2. Spread of crisis and assistance to Greek


In 2009 as Greek Government misreported and new Government should not handle
financial system, so, they asked European central bank to support Greek. Greek crises effect
whole eurozone due to same monetary policy single currency unit euro. Member Countries
have same exchange rate, and many countries borrow from each other. due to more
borrowing and less repayment bond market crashed therefore currency depreciated.
Therefore, ECB thought that it will negative impact on overall economy because already
global recession declined growth rate in overall. But if furthermore recession arrived it will
not be controlled by all countries. Therefore, European central bank and eurozone members
were contributing help to Greece because they want that euro remains stable and it may
not affect to other countries as well as in future.
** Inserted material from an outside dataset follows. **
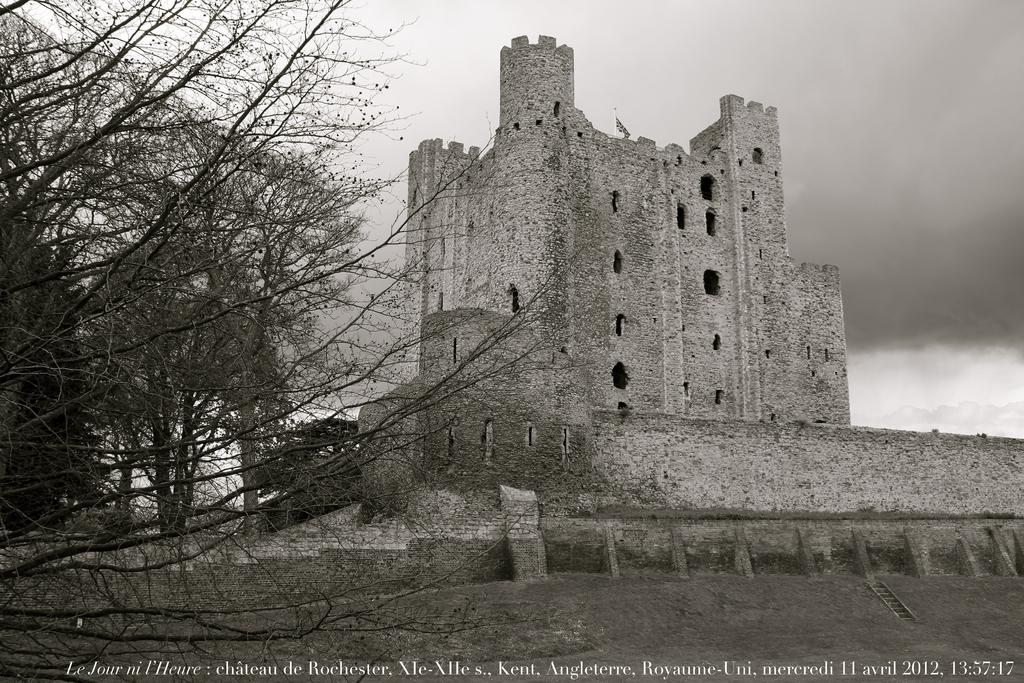What is the color scheme of the image? The image is black and white. What is the main structure visible in the image? There is a fort in the image. What type of vegetation can be seen in the foreground of the image? There is a dry tree in the foreground of the image. Is there any text present in the image? Yes, there is some text at the bottom of the image. What type of balance is being demonstrated on the stage in the image? There is no stage or balance act present in the image; it features a fort and a dry tree.

Between May 2010 to 2011 European bank
announced to go to secondary market to purchase European bonds to increase investors’
interest and slow down pressure of spread in bonds of eurozone. European central bank
mostly purchased about $65 Greek bonds and support other countries and provided
liquidity support to eurozone members. eurozone finance minister and IMF decided to
announce $145 package to support Greek. European central bank also pressurizes other
investors to cut down face value of bonds as debt level reduced in Greece. Germany was
providing large amount of loan $29 billion followed by France who as providing $22billion.
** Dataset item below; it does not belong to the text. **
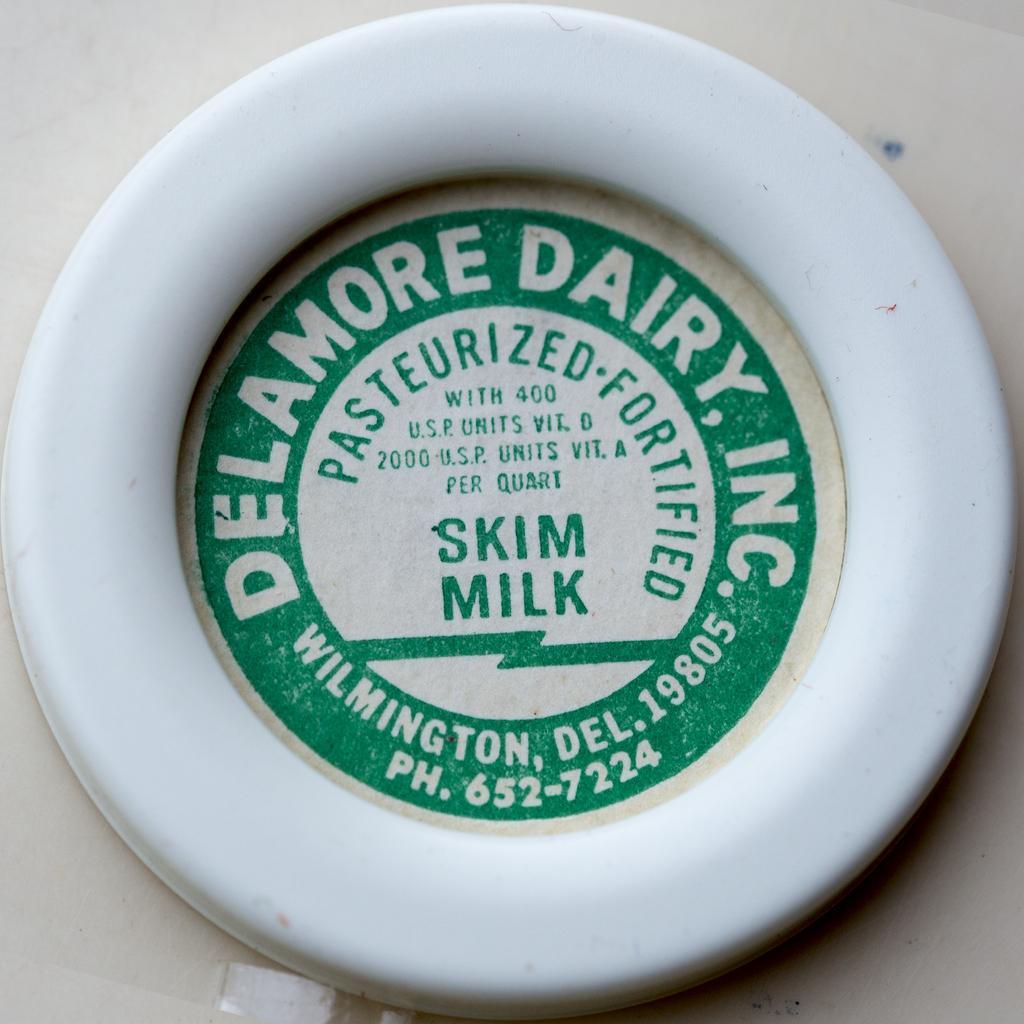Describe this image in one or two sentences. There is an object in the center of the image and text on it.

Many countries Portugal Spain Ireland were facing same finance crisis as Greece due to high
amount of borrowing and move towards ECB to bailout. Therefore, it is difficult to assist
Greece from member countries and many member countries argue to provide loan they
reported as why we bailout that country who has already high amount of borrowing and
inappropriate fiscal policies. Germany also argue to provide support they mentioned that
Greece should it self-come out from crisis by selling it islands or other part of country to pay
back its debt due to these arguments from countries Greece bailout delayed, but pressure
among countries to bailout Greece as to maintain euro, support Greece.

3. Origin of problems
Eurozone crisis originated when many European countries default, high Government debt,
collapse in financial institutions, and highly increase in bond yield spreads in Government
bonds. after global financial crisis in 2008, banking system collapse it spreads to many
European countries Portugal Ireland Spain and it had loss to all European economy.
International Rating agency downgrade many eurozone states Greece reported as junk
status a poorly financial management state. Germany was providing loan to Greece also
European central bank purchased Greek bonds due to mismanagement in financial
institution and in fiscal policies in Greece countries loss confidence because of worse
condition in Greece it will hit to these countries by not repayment.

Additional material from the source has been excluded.